In this model the prefilter F1 can be a lowpass filter representing the lowpass behavior of the loudspeaker's coil RL circuit. The postfilter F2 can be a highpass filter representing the highpass behavior of the loudspeaker's diaphragm. These are just two possibilities among many possible combinations of F1, F2 and H. The input-output relationship of the MVWH model is given as ([.] is operator notation):
z(n)=F2[H[F1[d(n)]]]
where the M-th order linear filter F1 is given as:

y 1 ( n ) = i = 0 M f 1 ( i ) x ( n - i )
where M is the memory of the linear filter and {f1(i),.f2(i),.i=0, 1, . . . M} are the coefficients of the linear filters. A special case in which F1=1 corresponds to the Volterra-Hammerstein model and the special case F2=1 corresponds to the Volterra-Wiener model.

Numerous ways exist to compute parameters of the linear filters and the Volterra model.

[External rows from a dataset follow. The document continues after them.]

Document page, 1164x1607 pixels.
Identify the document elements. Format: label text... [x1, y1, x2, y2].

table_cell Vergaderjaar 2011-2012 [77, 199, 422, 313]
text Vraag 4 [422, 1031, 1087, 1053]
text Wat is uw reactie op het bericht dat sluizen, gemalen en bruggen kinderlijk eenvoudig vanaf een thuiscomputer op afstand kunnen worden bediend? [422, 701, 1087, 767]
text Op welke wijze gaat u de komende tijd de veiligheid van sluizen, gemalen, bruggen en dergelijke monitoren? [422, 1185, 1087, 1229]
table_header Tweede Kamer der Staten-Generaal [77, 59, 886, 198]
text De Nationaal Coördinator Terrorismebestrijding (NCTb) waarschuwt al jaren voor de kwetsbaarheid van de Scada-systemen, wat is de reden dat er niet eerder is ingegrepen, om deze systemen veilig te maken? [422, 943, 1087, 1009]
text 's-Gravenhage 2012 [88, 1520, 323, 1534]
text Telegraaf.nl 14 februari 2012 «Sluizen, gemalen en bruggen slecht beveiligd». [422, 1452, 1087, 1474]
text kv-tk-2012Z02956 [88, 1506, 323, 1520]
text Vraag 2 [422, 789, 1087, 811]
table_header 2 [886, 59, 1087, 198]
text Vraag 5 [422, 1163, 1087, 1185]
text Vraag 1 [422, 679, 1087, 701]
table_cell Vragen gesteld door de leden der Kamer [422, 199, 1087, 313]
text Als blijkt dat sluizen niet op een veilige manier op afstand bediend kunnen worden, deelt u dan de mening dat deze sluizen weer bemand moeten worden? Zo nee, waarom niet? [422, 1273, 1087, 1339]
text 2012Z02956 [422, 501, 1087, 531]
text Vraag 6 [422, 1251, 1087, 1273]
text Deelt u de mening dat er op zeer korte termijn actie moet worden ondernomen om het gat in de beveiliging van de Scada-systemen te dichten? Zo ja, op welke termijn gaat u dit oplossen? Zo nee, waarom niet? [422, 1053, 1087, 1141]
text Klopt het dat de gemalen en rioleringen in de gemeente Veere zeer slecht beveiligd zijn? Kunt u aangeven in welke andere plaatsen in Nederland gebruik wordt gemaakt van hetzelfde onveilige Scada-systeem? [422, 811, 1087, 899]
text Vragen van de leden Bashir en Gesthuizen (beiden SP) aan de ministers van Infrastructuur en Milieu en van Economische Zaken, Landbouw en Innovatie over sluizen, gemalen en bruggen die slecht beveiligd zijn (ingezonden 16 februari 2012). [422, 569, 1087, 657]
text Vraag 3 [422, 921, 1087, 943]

Two ways to compute the parameters of the linear filters and the Volterra model are given below. The first method is a process that is fast but provides an approximate solution. Referring to FIG. 6, first, a Volterra model is fit to the loudspeaker and the Volterra kernels {Hk, k=1, 2, 3 . . . } are found using the input x(n) and output d(n). Then, the filters F1 and F2 are found such that the cascade of the two filters is the same as H1 (i.e. F1*F2=H1). As a special case, it can be assumed that the two linear filters are identical (i.e. F1=F2). Given filters F1 and F2, the input y1(n) and output y2(n) of the Volterra model in FIG. 6 are computed and a new Volterra filter with kernels {H′k, k=1, 2, 3 . . . } that matches the loudspeaker output d(n) is found. The second method uses the gradient descent algorithm to jointly optimize the parameters of the linear filters and the modified Volterra model.

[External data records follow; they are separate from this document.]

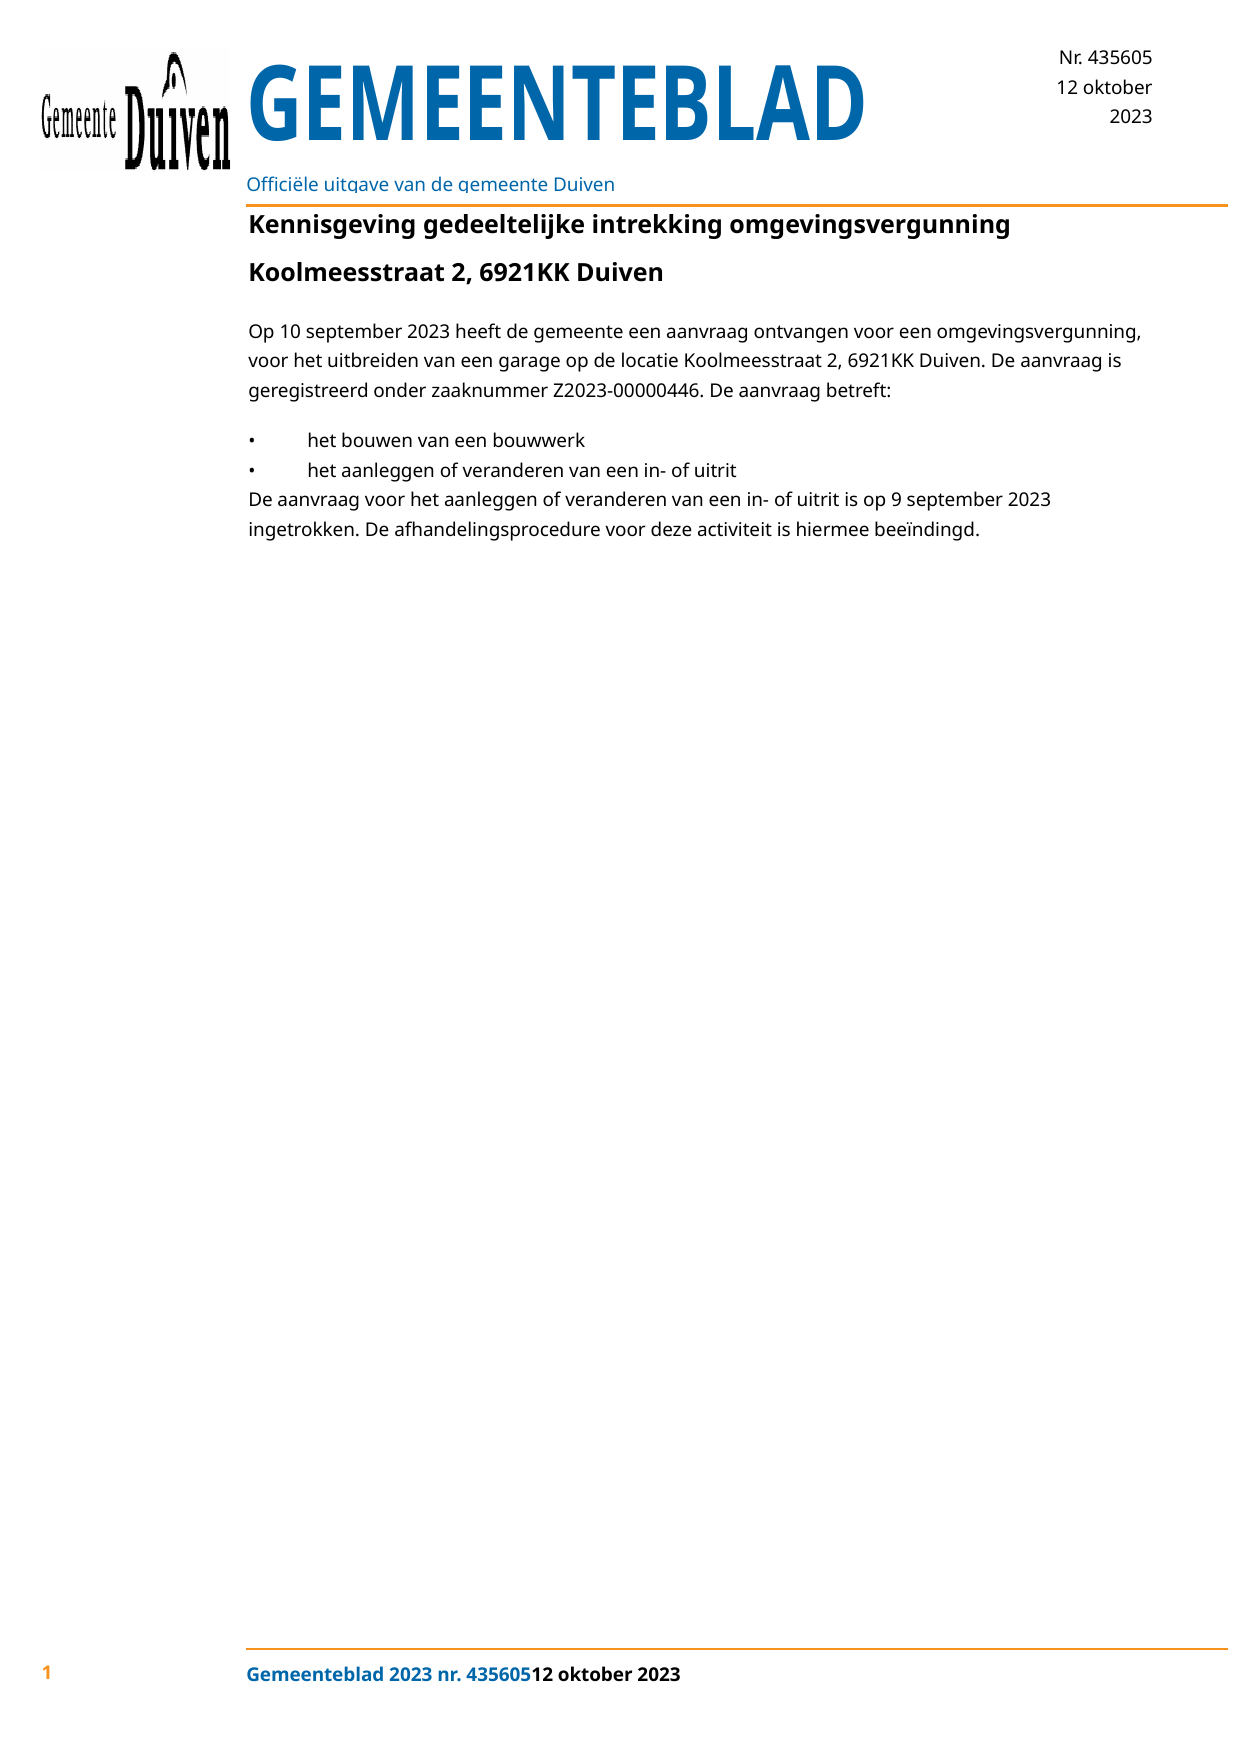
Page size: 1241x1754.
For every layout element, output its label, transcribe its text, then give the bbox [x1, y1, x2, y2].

list het bouwen van een bouwwerk [248, 427, 1152, 453]
text Op 10 september 2023 heeft de gemeente een aanvraag ontvangen voor een omgevingsvergunning, voor het uitbreiden van een garage op de locatie Koolmeesstraat 2, 6921KK Duiven. De aanvraag is geregistreerd onder zaaknummer Z2023-00000446. De aanvraag betreft: [248, 318, 1152, 403]
picture [41, 47, 231, 172]
list het aanleggen of veranderen van een in- of uitrit [248, 457, 1152, 483]
text De aanvraag voor het aanleggen of veranderen van een in- of uitrit is op 9 september 2023 ingetrokken. De afhandelingsprocedure voor deze activiteit is hiermee beeïndingd. [248, 487, 1152, 542]
text Kennisgeving gedeeltelijke intrekking omgevingsvergunning Koolmeesstraat 2, 6921KK Duiven [248, 207, 1152, 288]

FIG. 7 shows an embodiment of the inverse of the MVWH model. Referring to FIG. 7, F1−1 and F2−1 are the inverses of the linear filters in FIG. 6 and H−1 is the exact inverse of the Volterra part of the MVWH model. Exact precompensation based on the Volterra model results in an unstable inverse. A key advantage of the MVWH model is that it is a cascade of linear filters and a modified Volterra model. The effect of this cascade operation is that the linear filter part from the loudspeaker model is explicitly extricated so that the remaining modified Volterra model lends itself to having an exact nonlinear inverse.

FIG. 8 is a block diagram of one embodiment of a loudspeaker system where the signal source is an analog source. Referring to FIG. 8, signal source 801 produces an analog signal. The analog signal is converted to a digital signal using an analog-to-digital (A/D) converter 802. The digital output of A/D converter 802 feeds digital precompensator 803. Precompensator 803 produces a predistorted signal that when passed through loudspeaker 805 compensates for the linear and nonlinear distortions. Precompensator 803 uses a cascade of one or more linear filters with a modified Volterra model. In one embodiment, precompensator 803 uses the MVWM model. The digital output of precompensator 803 is fed into a digital-to-analog (D/A) converter 804, which generates an analog output that drives loudspeaker 805.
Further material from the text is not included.